An instance of InputData.

Return type

InputData

static from_image(images=None, labels=None, task=Task(task_type=<TaskTypesEnum.classification: 'classification'>, task_params=None), target_size=None)[source]

Input data from Image

Parameters
  • images (Optional[Union[str, numpy.ndarray]]) – the path to the directory with image data in np.ndarray format or array in np.ndarray format

  • labels (Optional[Union[str, numpy.ndarray]]) – the path to the directory with image labels in np.ndarray format or array in np.ndarray format

  • task (Task) – the Task that should be solved with data

  • target_size (Optional[Tuple[int, int]]) – size for the images resizing (if necessary)

Returns

An instance of InputData.

Return type

InputData

static from_json_files(files_path, fields_to_use, label='label', task=Task(task_type=<TaskTypesEnum.classification: 'classification'>, task_params=None), data_type=DataTypesEnum.table, export_to_meta=False, is_multilabel=False, shuffle=True)[source]

Generates InputData from the set of JSON files with different fields

Parameters
  • files_path (str) – path the folder with json files

  • fields_to_use (List) – list of fields that will be considered as a features

  • label (str) – name of field with target variable

  • task (Task) – Task to solve

  • data_type (DataTypesEnum) – data type in fields (as well as type for obtained InputData)

  • export_to_meta – combine extracted field and save to CSV

  • is_multilabel – if True, creates multilabel target

  • shuffle – if True, shuffles data

Returns

An instance of InputData.

Return type

InputData

class fedot.core.data.data.InputData(idx, task, data_type, features, categorical_features=None, categorical_idx=None, numerical_idx=None, encoded_idx=None, features_names=None, target=None, supplementary_data=<factory>)[source]

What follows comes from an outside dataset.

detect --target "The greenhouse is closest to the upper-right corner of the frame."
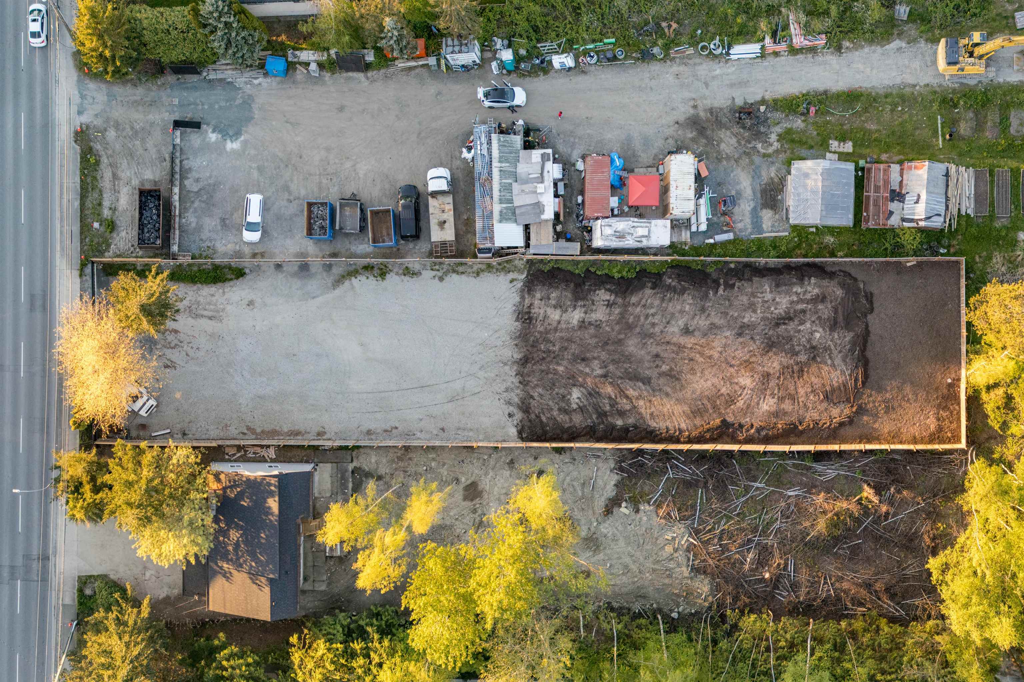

Bases: fedot.core.data.data.Data

Data class for input data for the nodes

Parameters
  • idx (np.ndarray) –

  • task (Task) –

  • data_type (DataTypesEnum) –

  • features (Union[np.ndarray, pd.DataFrame]) –

  • categorical_features (Optional[np.ndarray]) –

  • categorical_idx (Optional[np.ndarray]) –

  • numerical_idx (Optional[np.ndarray]) –

  • encoded_idx (Optional[np.ndarray]) –

  • features_names (Optional[np.ndarray[str]]) –

  • target (Optional[np.ndarray]) –

  • supplementary_data (SupplementaryData) –

Return type

None

property num_classes: Optional[int]

Returns number of classes that are present in the target. NB: if some labels are not present in this data, then number of classes can be less than in the full dataset!

property class_labels: Optional[int]

Returns unique class labels that are present in the target

subset_indices(selected_idx)[source]

Get subset from InputData to extract all items with specified indices

Parameters

selected_idx (List) – list of indices for extraction

Returns

InputData

subset_features(feature_ids)[source]

Return new InputData with subset of features based on non-empty features_ids list or None otherwise

Parameters

feature_ids (numpy.array) –

Return type

Optional[InputData]

shuffle()[source]

Shuffles features and target if possible

convert_non_int_indexes_for_fit(pipeline)[source]

Conversion non int (datetime, string, etc) indexes in integer form on the fit stage

convert_non_int_indexes_for_predict(pipeline)[source]

Conversion non int (datetime, string, etc) indexes in integer form on the predict stage

class fedot.core.data.data.OutputData(idx, task, data_type, features=None, categorical_features=None, categorical_idx=None, numerical_idx=None, encoded_idx=None, features_names=None, target=None, supplementary_data=<factory>, predict=None)[source]

Bases: fedot.core.data.data.Data

Data type for data prediction in the node

Parameters
  • idx (np.ndarray) –

  • task (Task) –

  • data_type (DataTypesEnum) –

  • features (Optional[Union[np.ndarray, pd.DataFrame]]) –

  • categorical_features (Optional[np.ndarray]) –

  • categorical_idx (Optional[np.ndarray]) –

  • numerical_idx (Optional[np.ndarray]) –

  • encoded_idx (Optional[np.ndarray]) –

  • features_names (Optional[np.ndarray[str]]) –

  • target (Optional[np.ndarray]) –

  • supplementary_data (SupplementaryData) –

  • predict (Optional[np.ndarray]) –

Return type

None

fedot.core.data.data._resize_image(file_path, target_size)[source]

Function resizes and rewrites the input image

Parameters
  • file_path (str) –

  • target_size (Tuple[int, int]) –

fedot.core.data.data.process_target_and_features(data_frame, target_column)[source]

Function process pandas dataframe with single column

Parameters
  • data_frame (pandas.core.frame.DataFrame) – loaded pandas DataFrame

  • target_column (Optional[Union[str, List[str]]]) – names of columns with target or None

Returns

(np.array (table) with features, np.array (column) with target)

Return type

Tuple[numpy.ndarray, Optional[numpy.ndarray]]

fedot.core.data.data.np_datetime_to_numeric(data)[source]

Change data’s datetime type to integer with milliseconds unit.

Parameters

data (numpy.ndarray) – table data for converting.

Returns

The same table data with datetimes (if existed) converted to integer

Return type

numpy.ndarray